◆ **INSTRUCTIONS TO FOLLOW**
Look through the material below. Return exactly the lines from the one with "Answer: 55% in" through the one with "Answer: Steeper decline", both included.

◆ **EXCERPTED RECORDS**
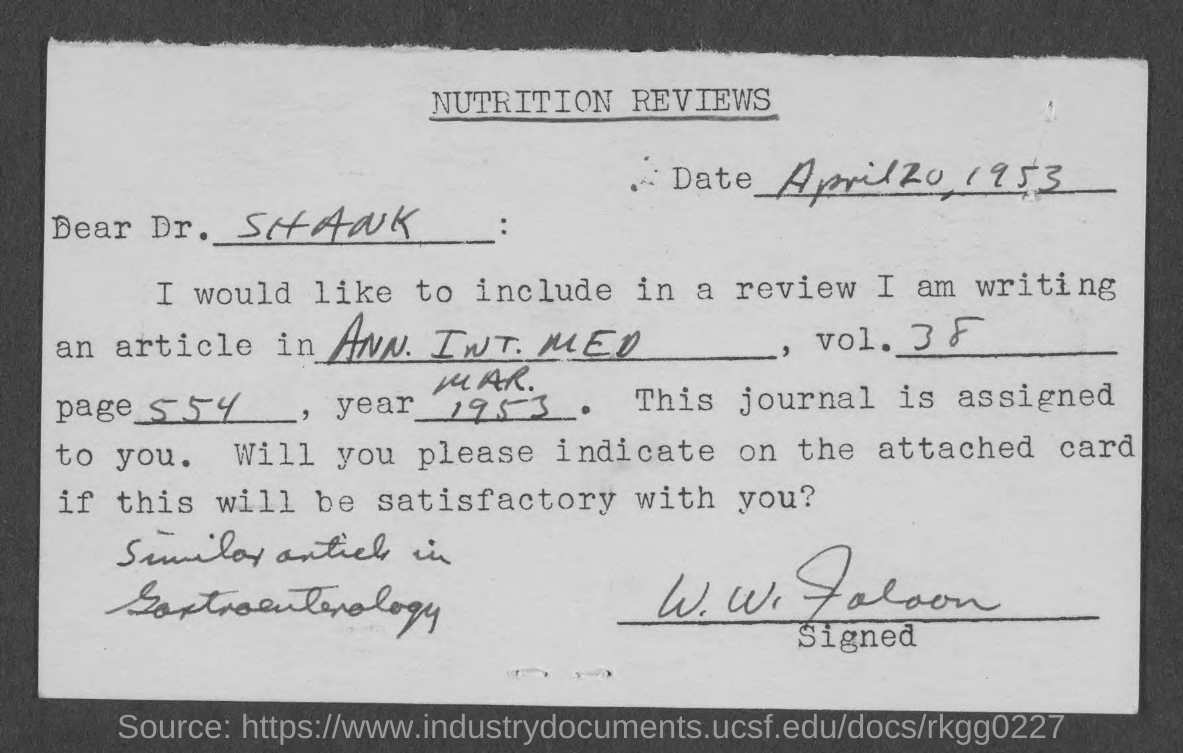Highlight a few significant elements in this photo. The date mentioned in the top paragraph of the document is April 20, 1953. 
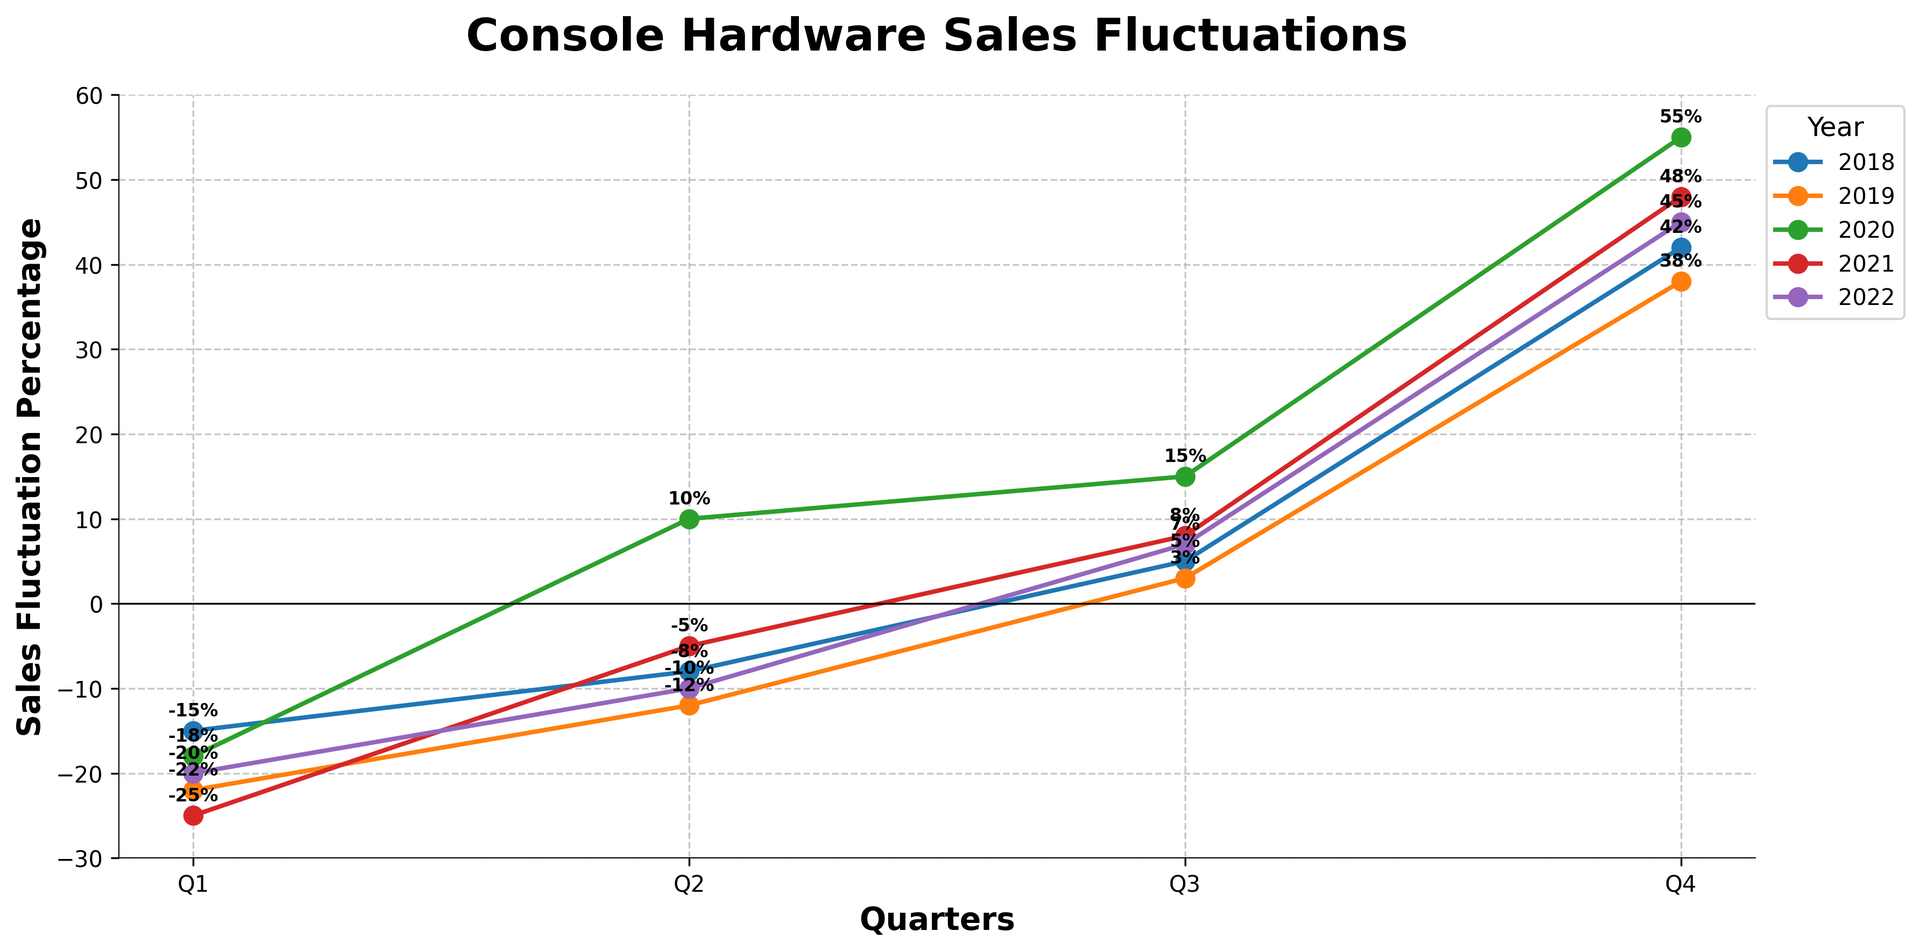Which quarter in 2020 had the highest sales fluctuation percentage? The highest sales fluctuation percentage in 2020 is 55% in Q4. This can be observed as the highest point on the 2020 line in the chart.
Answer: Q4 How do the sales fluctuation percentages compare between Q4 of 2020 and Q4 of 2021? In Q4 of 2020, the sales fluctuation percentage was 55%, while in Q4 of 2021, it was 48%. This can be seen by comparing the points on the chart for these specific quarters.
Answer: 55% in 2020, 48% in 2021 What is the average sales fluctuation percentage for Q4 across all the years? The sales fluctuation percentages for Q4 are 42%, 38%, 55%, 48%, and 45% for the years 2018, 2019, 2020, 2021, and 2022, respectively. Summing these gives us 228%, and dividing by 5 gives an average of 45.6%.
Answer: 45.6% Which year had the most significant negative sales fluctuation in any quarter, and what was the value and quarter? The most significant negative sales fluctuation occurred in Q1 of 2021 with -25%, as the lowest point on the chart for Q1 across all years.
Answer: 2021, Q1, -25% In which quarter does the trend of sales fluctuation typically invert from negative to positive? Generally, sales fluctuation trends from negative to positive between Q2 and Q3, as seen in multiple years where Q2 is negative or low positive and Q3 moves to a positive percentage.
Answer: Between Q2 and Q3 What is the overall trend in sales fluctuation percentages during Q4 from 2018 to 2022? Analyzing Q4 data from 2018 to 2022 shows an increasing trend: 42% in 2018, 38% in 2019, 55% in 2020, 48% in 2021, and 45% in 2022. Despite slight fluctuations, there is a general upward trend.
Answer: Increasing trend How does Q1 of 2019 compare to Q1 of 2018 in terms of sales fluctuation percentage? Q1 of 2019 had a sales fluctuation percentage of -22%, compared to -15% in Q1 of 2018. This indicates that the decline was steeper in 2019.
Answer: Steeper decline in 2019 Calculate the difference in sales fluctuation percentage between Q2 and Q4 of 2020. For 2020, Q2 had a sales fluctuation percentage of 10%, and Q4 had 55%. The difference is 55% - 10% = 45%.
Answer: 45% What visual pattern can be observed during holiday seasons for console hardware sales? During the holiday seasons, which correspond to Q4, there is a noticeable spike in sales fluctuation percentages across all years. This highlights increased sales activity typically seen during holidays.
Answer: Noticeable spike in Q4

...

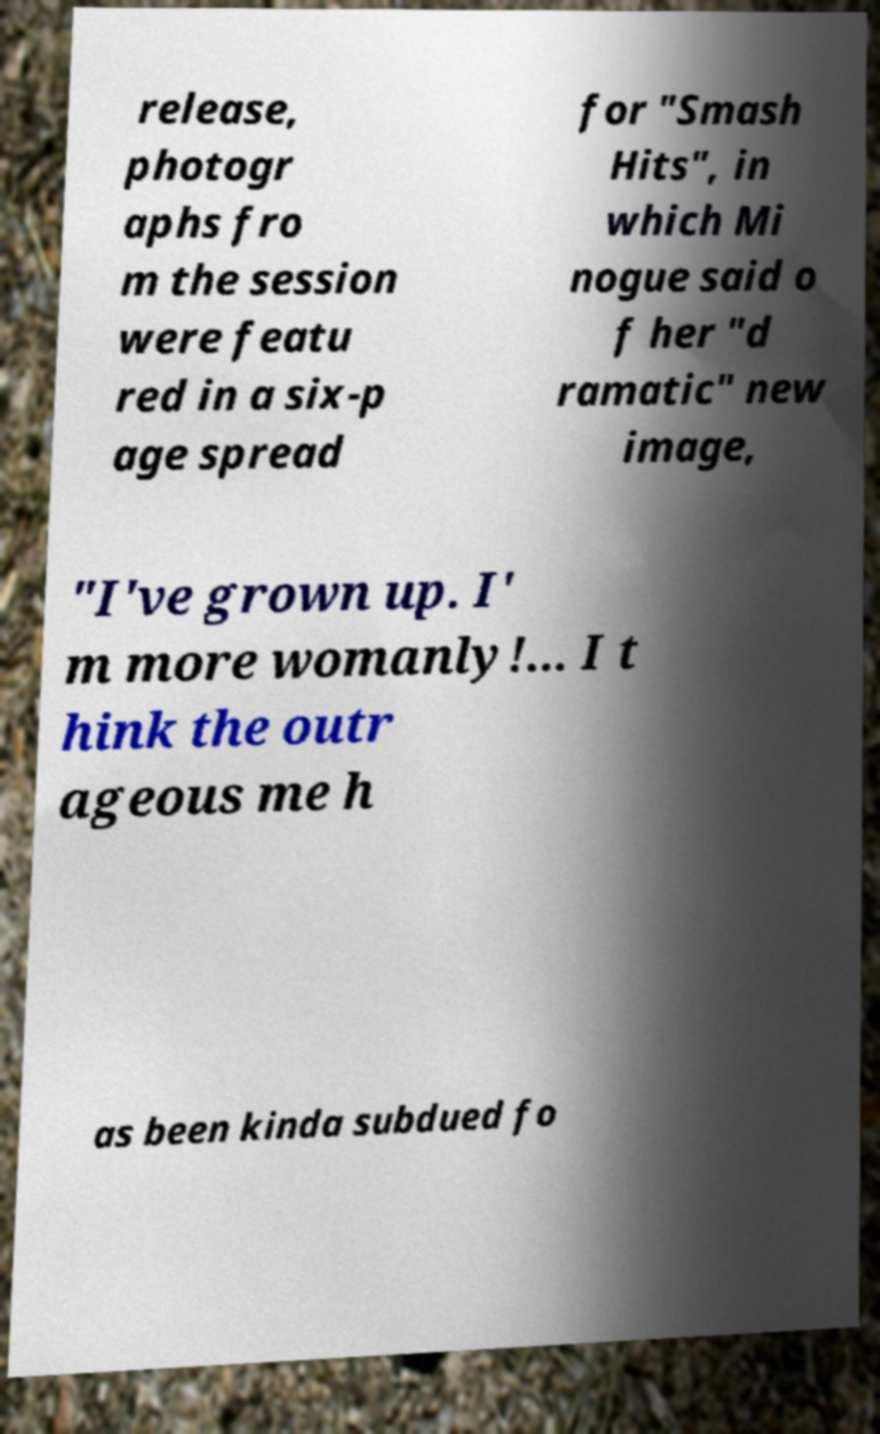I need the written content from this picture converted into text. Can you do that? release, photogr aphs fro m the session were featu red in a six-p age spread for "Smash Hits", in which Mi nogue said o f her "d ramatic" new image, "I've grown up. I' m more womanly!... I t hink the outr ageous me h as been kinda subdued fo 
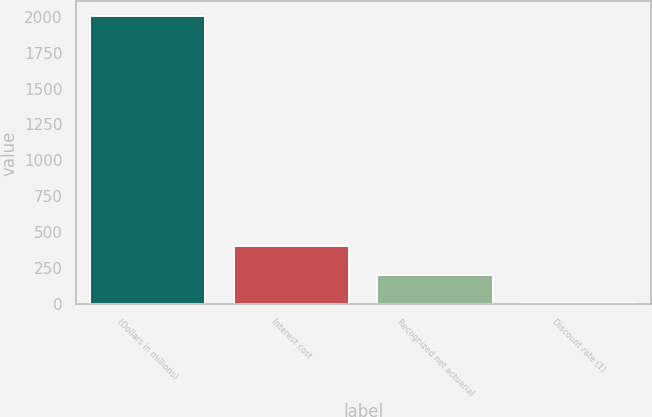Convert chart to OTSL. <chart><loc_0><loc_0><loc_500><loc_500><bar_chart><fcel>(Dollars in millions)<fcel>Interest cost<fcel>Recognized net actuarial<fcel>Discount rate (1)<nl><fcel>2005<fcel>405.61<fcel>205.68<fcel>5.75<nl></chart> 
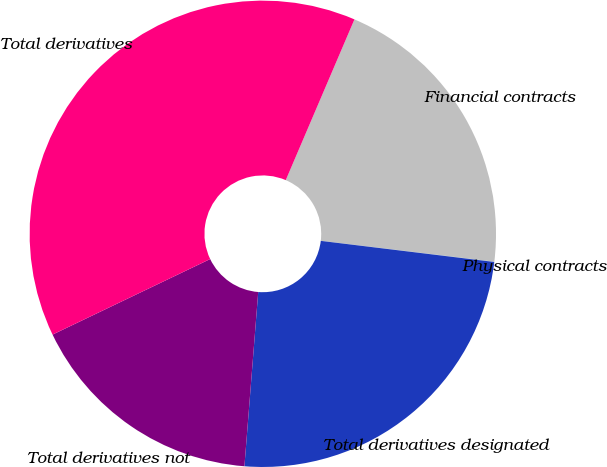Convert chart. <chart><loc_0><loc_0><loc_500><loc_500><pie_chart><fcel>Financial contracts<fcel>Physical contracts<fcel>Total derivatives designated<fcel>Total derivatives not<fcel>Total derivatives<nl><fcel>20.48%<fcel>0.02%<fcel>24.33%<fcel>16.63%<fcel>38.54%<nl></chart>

◆ **THE ANSWER**
Answer: 55% in 2020, 48% in 2021 What is the average sales fluctuation percentage for Q4 across all the years? The sales fluctuation percentages for Q4 are 42%, 38%, 55%, 48%, and 45% for the years 2018, 2019, 2020, 2021, and 2022, respectively. Summing these gives us 228%, and dividing by 5 gives an average of 45.6%.
Answer: 45.6% Which year had the most significant negative sales fluctuation in any quarter, and what was the value and quarter? The most significant negative sales fluctuation occurred in Q1 of 2021 with -25%, as the lowest point on the chart for Q1 across all years.
Answer: 2021, Q1, -25% In which quarter does the trend of sales fluctuation typically invert from negative to positive? Generally, sales fluctuation trends from negative to positive between Q2 and Q3, as seen in multiple years where Q2 is negative or low positive and Q3 moves to a positive percentage.
Answer: Between Q2 and Q3 What is the overall trend in sales fluctuation percentages during Q4 from 2018 to 2022? Analyzing Q4 data from 2018 to 2022 shows an increasing trend: 42% in 2018, 38% in 2019, 55% in 2020, 48% in 2021, and 45% in 2022. Despite slight fluctuations, there is a general upward trend.
Answer: Increasing trend How does Q1 of 2019 compare to Q1 of 2018 in terms of sales fluctuation percentage? Q1 of 2019 had a sales fluctuation percentage of -22%, compared to -15% in Q1 of 2018. This indicates that the decline was steeper in 2019.
Answer: Steeper decline in 2019 Calculate the difference in sales fluctuation percentage between Q2 and Q4 of 2020. For 2020, Q2 had a sales fluctuation percentage of 10%, and Q4 had 55%. The difference is 55% - 10% = 45%.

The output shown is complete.